>>>>

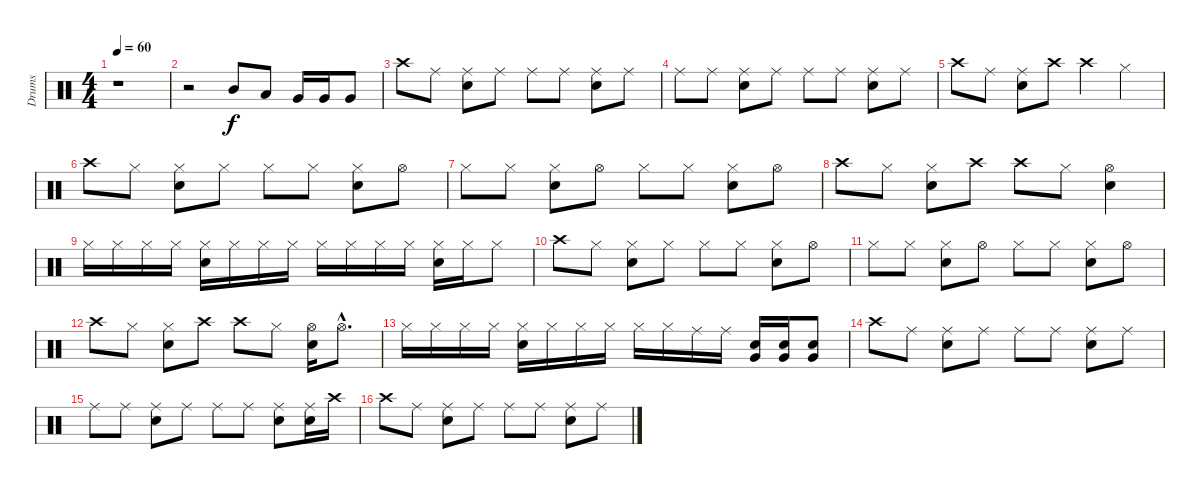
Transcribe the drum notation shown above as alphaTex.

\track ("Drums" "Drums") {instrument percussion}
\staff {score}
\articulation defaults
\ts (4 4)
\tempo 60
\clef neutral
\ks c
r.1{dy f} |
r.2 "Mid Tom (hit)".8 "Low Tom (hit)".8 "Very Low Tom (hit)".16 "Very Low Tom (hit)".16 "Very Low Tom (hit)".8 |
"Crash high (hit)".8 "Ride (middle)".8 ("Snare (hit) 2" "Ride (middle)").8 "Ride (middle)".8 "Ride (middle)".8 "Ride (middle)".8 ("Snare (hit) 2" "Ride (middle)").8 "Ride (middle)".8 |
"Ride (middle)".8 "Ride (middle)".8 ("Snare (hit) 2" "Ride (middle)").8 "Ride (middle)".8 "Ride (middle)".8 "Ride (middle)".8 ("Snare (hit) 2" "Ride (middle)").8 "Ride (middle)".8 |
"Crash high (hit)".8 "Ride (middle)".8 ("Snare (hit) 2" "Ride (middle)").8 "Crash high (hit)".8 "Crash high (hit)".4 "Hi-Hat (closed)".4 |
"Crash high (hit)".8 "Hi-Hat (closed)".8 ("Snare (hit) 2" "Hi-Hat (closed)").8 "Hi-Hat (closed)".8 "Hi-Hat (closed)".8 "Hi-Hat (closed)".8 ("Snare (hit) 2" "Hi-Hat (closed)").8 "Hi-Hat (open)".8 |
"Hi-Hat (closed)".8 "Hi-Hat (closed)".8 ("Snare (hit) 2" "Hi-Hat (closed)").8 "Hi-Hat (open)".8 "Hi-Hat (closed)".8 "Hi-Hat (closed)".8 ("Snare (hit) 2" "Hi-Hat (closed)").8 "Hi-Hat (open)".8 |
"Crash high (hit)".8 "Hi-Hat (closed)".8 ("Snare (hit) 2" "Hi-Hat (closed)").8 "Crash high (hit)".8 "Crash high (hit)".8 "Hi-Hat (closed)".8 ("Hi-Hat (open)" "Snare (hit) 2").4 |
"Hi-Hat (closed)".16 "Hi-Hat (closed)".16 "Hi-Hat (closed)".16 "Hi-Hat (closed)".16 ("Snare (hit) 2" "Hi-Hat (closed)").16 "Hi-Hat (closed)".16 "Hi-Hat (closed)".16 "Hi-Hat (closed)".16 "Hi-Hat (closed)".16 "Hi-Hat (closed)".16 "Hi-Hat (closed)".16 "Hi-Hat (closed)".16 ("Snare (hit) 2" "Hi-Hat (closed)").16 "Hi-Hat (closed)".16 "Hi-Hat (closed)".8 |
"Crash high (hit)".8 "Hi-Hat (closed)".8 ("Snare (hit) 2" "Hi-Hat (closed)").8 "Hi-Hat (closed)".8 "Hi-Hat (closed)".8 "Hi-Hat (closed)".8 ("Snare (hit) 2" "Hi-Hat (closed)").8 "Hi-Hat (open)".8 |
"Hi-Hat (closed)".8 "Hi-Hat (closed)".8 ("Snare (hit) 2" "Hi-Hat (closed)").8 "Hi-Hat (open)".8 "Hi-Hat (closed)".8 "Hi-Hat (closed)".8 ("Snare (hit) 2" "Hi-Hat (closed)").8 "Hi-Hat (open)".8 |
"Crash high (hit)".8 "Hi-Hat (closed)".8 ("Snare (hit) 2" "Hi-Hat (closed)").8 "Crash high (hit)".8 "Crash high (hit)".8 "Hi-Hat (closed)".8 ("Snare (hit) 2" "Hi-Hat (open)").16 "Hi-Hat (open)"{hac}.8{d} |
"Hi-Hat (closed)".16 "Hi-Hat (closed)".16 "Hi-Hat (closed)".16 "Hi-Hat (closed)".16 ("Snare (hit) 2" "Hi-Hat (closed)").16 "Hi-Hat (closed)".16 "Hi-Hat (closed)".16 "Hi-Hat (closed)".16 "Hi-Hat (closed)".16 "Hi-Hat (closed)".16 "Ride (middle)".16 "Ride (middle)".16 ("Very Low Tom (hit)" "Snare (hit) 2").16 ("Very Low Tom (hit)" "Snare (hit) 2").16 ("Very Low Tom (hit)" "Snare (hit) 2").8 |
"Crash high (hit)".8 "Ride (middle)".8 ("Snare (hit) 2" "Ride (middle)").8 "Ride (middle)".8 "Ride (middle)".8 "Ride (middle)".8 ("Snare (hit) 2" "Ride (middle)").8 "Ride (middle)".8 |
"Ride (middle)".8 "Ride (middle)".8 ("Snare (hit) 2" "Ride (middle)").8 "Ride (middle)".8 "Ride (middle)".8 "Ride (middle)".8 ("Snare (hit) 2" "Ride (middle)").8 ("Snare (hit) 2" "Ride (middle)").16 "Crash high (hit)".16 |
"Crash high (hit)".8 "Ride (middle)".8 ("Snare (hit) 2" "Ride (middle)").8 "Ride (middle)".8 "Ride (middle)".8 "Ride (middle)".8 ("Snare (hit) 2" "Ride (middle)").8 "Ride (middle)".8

<<<<

The result should be a precise copy of all the entries, free of pictures.

Transcribe the drum notation shown above as alphaTex.

\track ("Drums" "Drums") {instrument percussion}
\staff {score}
\articulation defaults
\ts (4 4)
\tempo 60
\clef neutral
\ks c
r.1{dy f} |
r.2 "Mid Tom (hit)".8 "Low Tom (hit)".8 "Very Low Tom (hit)".16 "Very Low Tom (hit)".16 "Very Low Tom (hit)".8 |
"Crash high (hit)".8 "Ride (middle)".8 ("Snare (hit) 2" "Ride (middle)").8 "Ride (middle)".8 "Ride (middle)".8 "Ride (middle)".8 ("Snare (hit) 2" "Ride (middle)").8 "Ride (middle)".8 |
"Ride (middle)".8 "Ride (middle)".8 ("Snare (hit) 2" "Ride (middle)").8 "Ride (middle)".8 "Ride (middle)".8 "Ride (middle)".8 ("Snare (hit) 2" "Ride (middle)").8 "Ride (middle)".8 |
"Crash high (hit)".8 "Ride (middle)".8 ("Snare (hit) 2" "Ride (middle)").8 "Crash high (hit)".8 "Crash high (hit)".4 "Hi-Hat (closed)".4 |
"Crash high (hit)".8 "Hi-Hat (closed)".8 ("Snare (hit) 2" "Hi-Hat (closed)").8 "Hi-Hat (closed)".8 "Hi-Hat (closed)".8 "Hi-Hat (closed)".8 ("Snare (hit) 2" "Hi-Hat (closed)").8 "Hi-Hat (open)".8 |
"Hi-Hat (closed)".8 "Hi-Hat (closed)".8 ("Snare (hit) 2" "Hi-Hat (closed)").8 "Hi-Hat (open)".8 "Hi-Hat (closed)".8 "Hi-Hat (closed)".8 ("Snare (hit) 2" "Hi-Hat (closed)").8 "Hi-Hat (open)".8 |
"Crash high (hit)".8 "Hi-Hat (closed)".8 ("Snare (hit) 2" "Hi-Hat (closed)").8 "Crash high (hit)".8 "Crash high (hit)".8 "Hi-Hat (closed)".8 ("Hi-Hat (open)" "Snare (hit) 2").4 |
"Hi-Hat (closed)".16 "Hi-Hat (closed)".16 "Hi-Hat (closed)".16 "Hi-Hat (closed)".16 ("Snare (hit) 2" "Hi-Hat (closed)").16 "Hi-Hat (closed)".16 "Hi-Hat (closed)".16 "Hi-Hat (closed)".16 "Hi-Hat (closed)".16 "Hi-Hat (closed)".16 "Hi-Hat (closed)".16 "Hi-Hat (closed)".16 ("Snare (hit) 2" "Hi-Hat (closed)").16 "Hi-Hat (closed)".16 "Hi-Hat (closed)".8 |
"Crash high (hit)".8 "Hi-Hat (closed)".8 ("Snare (hit) 2" "Hi-Hat (closed)").8 "Hi-Hat (closed)".8 "Hi-Hat (closed)".8 "Hi-Hat (closed)".8 ("Snare (hit) 2" "Hi-Hat (closed)").8 "Hi-Hat (open)".8 |
"Hi-Hat (closed)".8 "Hi-Hat (closed)".8 ("Snare (hit) 2" "Hi-Hat (closed)").8 "Hi-Hat (open)".8 "Hi-Hat (closed)".8 "Hi-Hat (closed)".8 ("Snare (hit) 2" "Hi-Hat (closed)").8 "Hi-Hat (open)".8 |
"Crash high (hit)".8 "Hi-Hat (closed)".8 ("Snare (hit) 2" "Hi-Hat (closed)").8 "Crash high (hit)".8 "Crash high (hit)".8 "Hi-Hat (closed)".8 ("Snare (hit) 2" "Hi-Hat (open)").16 "Hi-Hat (open)"{hac}.8{d} |
"Hi-Hat (closed)".16 "Hi-Hat (closed)".16 "Hi-Hat (closed)".16 "Hi-Hat (closed)".16 ("Snare (hit) 2" "Hi-Hat (closed)").16 "Hi-Hat (closed)".16 "Hi-Hat (closed)".16 "Hi-Hat (closed)".16 "Hi-Hat (closed)".16 "Hi-Hat (closed)".16 "Ride (middle)".16 "Ride (middle)".16 ("Very Low Tom (hit)" "Snare (hit) 2").16 ("Very Low Tom (hit)" "Snare (hit) 2").16 ("Very Low Tom (hit)" "Snare (hit) 2").8 |
"Crash high (hit)".8 "Ride (middle)".8 ("Snare (hit) 2" "Ride (middle)").8 "Ride (middle)".8 "Ride (middle)".8 "Ride (middle)".8 ("Snare (hit) 2" "Ride (middle)").8 "Ride (middle)".8 |
"Ride (middle)".8 "Ride (middle)".8 ("Snare (hit) 2" "Ride (middle)").8 "Ride (middle)".8 "Ride (middle)".8 "Ride (middle)".8 ("Snare (hit) 2" "Ride (middle)").8 ("Snare (hit) 2" "Ride (middle)").16 "Crash high (hit)".16 |
"Crash high (hit)".8 "Ride (middle)".8 ("Snare (hit) 2" "Ride (middle)").8 "Ride (middle)".8 "Ride (middle)".8 "Ride (middle)".8 ("Snare (hit) 2" "Ride (middle)").8 "Ride (middle)".8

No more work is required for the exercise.